WHAT TO DO => Tally the lines below that contain "during" and reply with only the tally.

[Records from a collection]
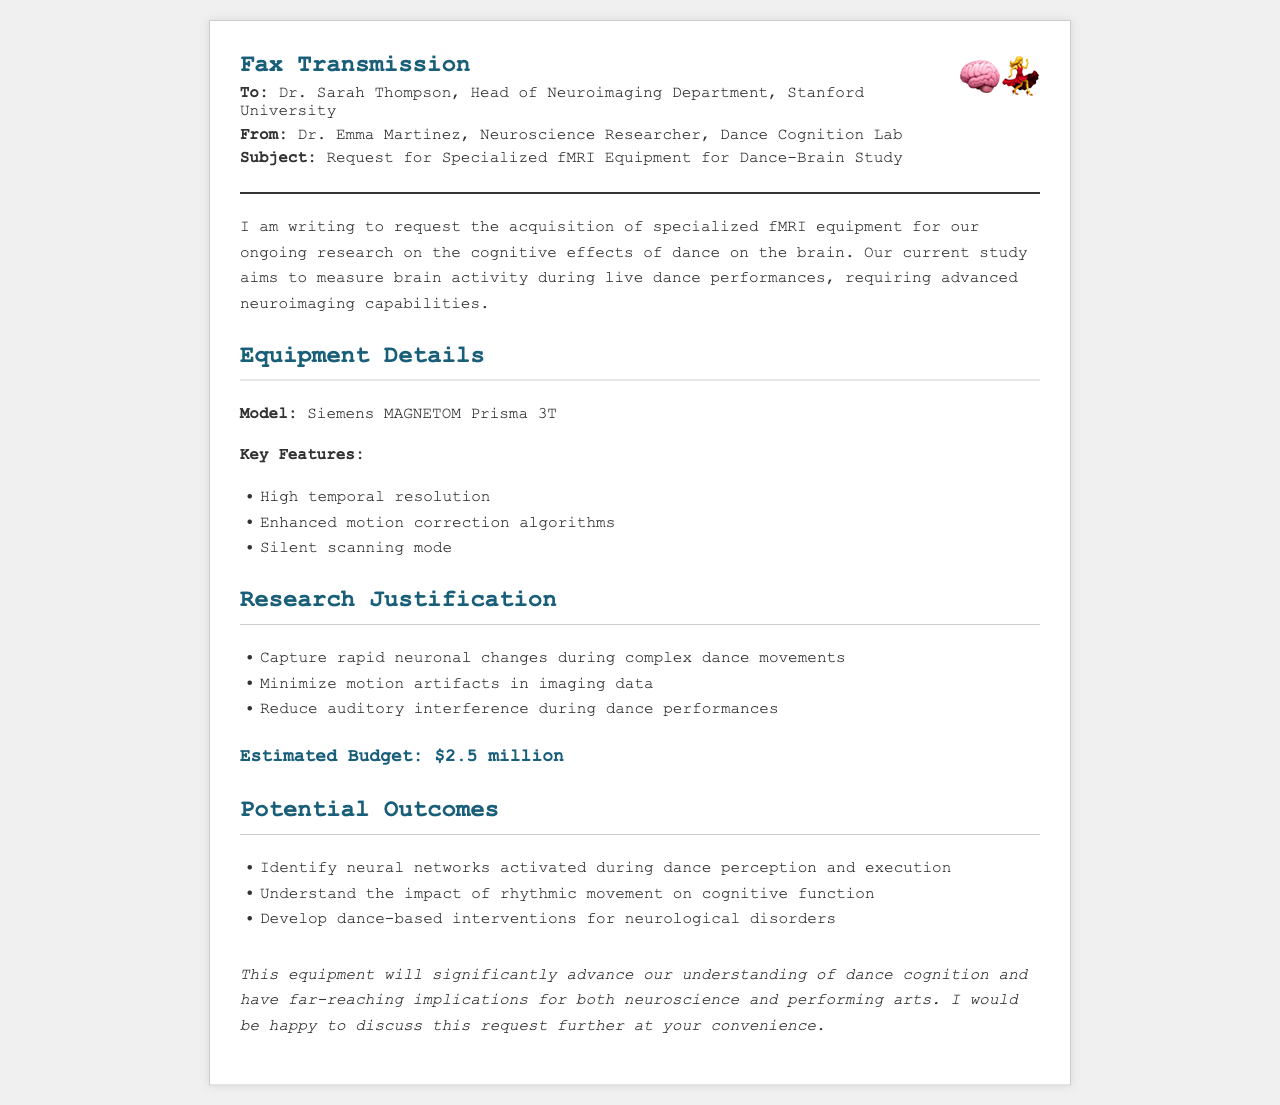What is the model of the requested fMRI equipment? The model of the requested fMRI equipment is specified in the document as "Siemens MAGNETOM Prisma 3T."
Answer: Siemens MAGNETOM Prisma 3T Who is the recipient of the fax? The recipient of the fax is mentioned in the header section as "Dr. Sarah Thompson, Head of Neuroimaging Department, Stanford University."
Answer: Dr. Sarah Thompson What is the estimated budget for the equipment? The estimated budget for the equipment is clearly stated in the document as "$2.5 million."
Answer: $2.5 million What are the key features of the requested fMRI equipment? The key features include high temporal resolution, enhanced motion correction algorithms, and silent scanning mode, all listed under Equipment Details.
Answer: High temporal resolution, enhanced motion correction algorithms, silent scanning mode Which area of research is being focused on in this study? The area of research is focused on studying the "cognitive effects of dance on the brain," as mentioned in the introductory paragraph.
Answer: Cognitive effects of dance on the brain What potential outcome involves neurological disorders? The potential outcome stated in the document is "develop dance-based interventions for neurological disorders," which relates to creating interventions.
Answer: Develop dance-based interventions for neurological disorders What is the purpose of silent scanning mode in the requested equipment? The purpose of silent scanning mode is to "reduce auditory interference during dance performances," as indicated in the justification.
Answer: Reduce auditory interference during dance performances 
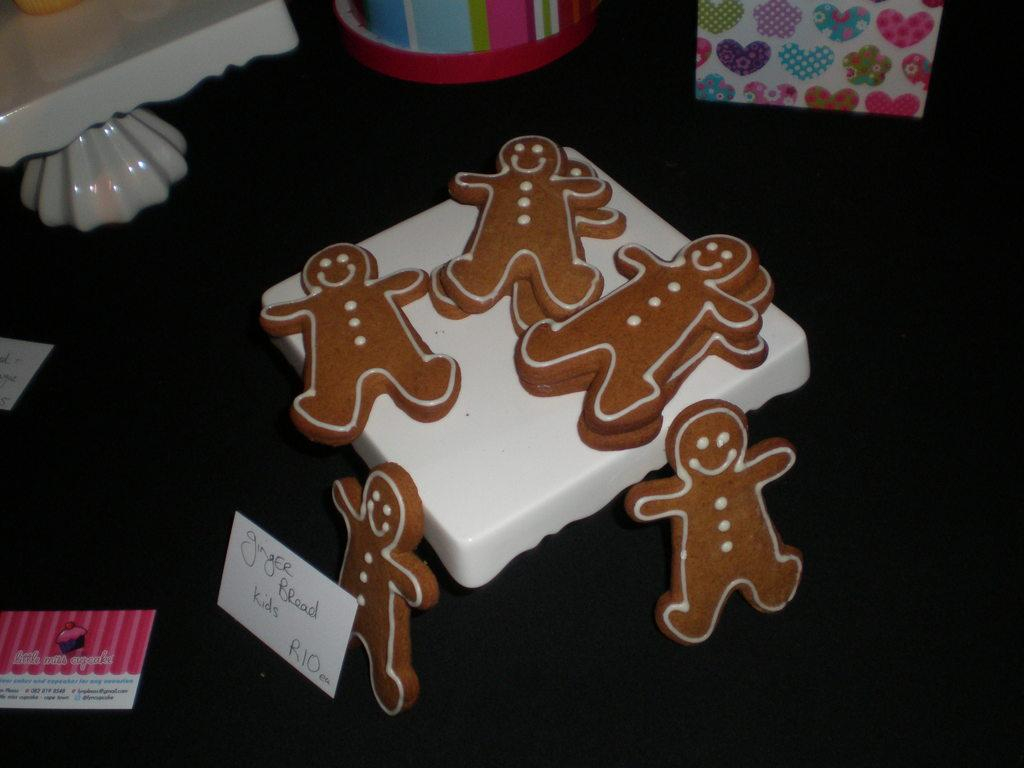What type of food item is visible in the image? The specific type of food item is not mentioned, but there is a food item in the image. What else can be seen in the image besides the food item? There are cards and a stand visible in the image. What is the surface on which the objects are placed? The objects are placed on a black surface in the image. How does the snow affect the food item in the image? There is no snow present in the image, so it cannot affect the food item. 
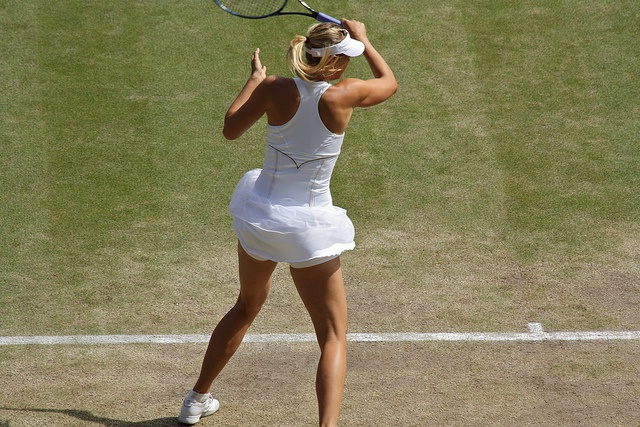Describe the objects in this image and their specific colors. I can see people in olive, maroon, gray, black, and darkgray tones and tennis racket in olive and black tones in this image. 
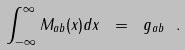Convert formula to latex. <formula><loc_0><loc_0><loc_500><loc_500>\int _ { - \infty } ^ { \infty } M _ { a b } ( x ) d x \ = \ g _ { a b } \ .</formula> 
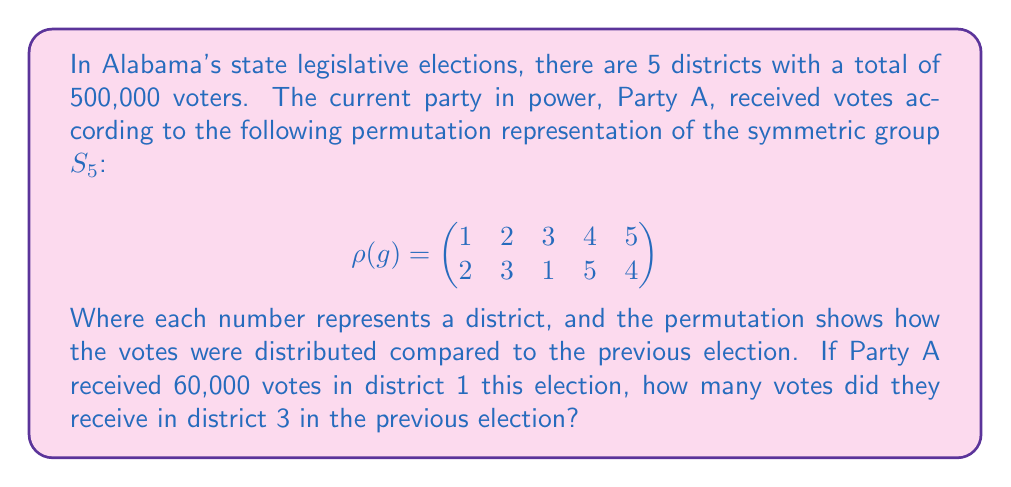What is the answer to this math problem? Let's approach this step-by-step:

1) First, we need to understand what the permutation representation means:
   $$\rho(g) = \begin{pmatrix}
   1 & 2 & 3 & 4 & 5 \\
   2 & 3 & 1 & 5 & 4
   \end{pmatrix}$$
   This shows how votes moved between districts from the previous election to the current one.

2) We're told that Party A received 60,000 votes in district 1 in the current election.

3) Looking at the permutation, we see that 1 maps to 2. This means that the votes now in district 1 came from district 2 in the previous election.

4) We want to know about district 3 in the previous election. In the permutation, we see that 3 maps to 1.

5) This means that the votes that were in district 3 in the previous election are now in district 1 in the current election.

6) Since district 1 in the current election has 60,000 votes, we can conclude that district 3 in the previous election also had 60,000 votes.

This demonstrates how group theory, specifically permutation groups, can be used to analyze vote distribution across districts over time.
Answer: 60,000 votes 
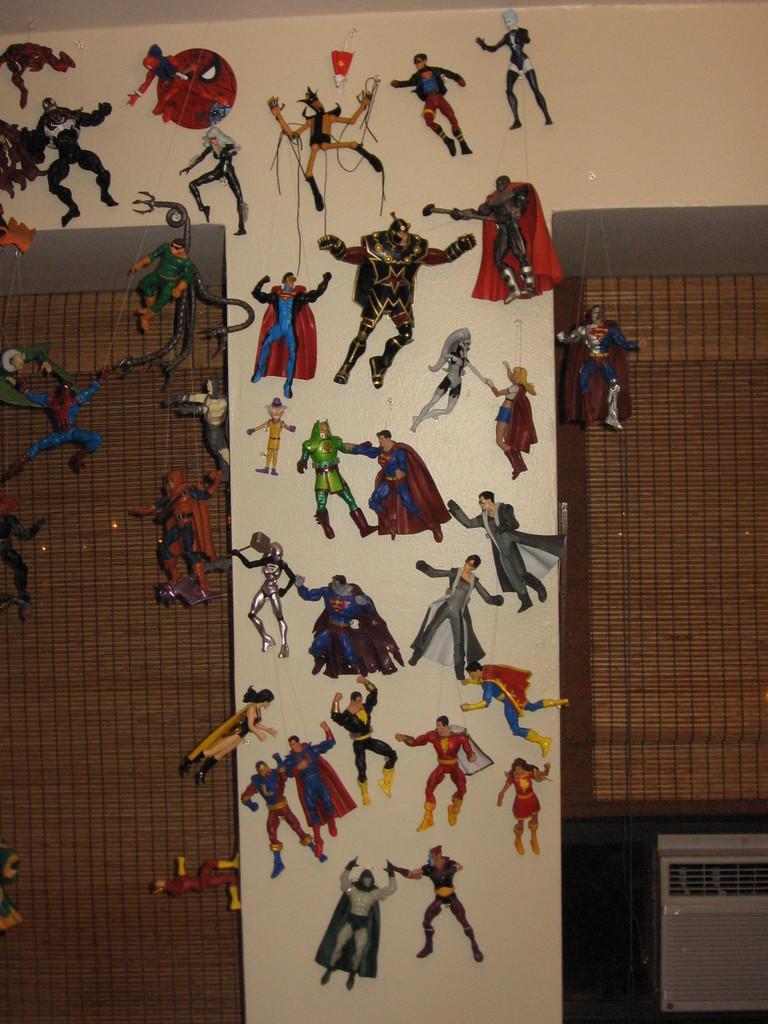Could you give a brief overview of what you see in this image? In this image there are stickers placed on the wall and there are curtains.

ANSWER SPACE => 2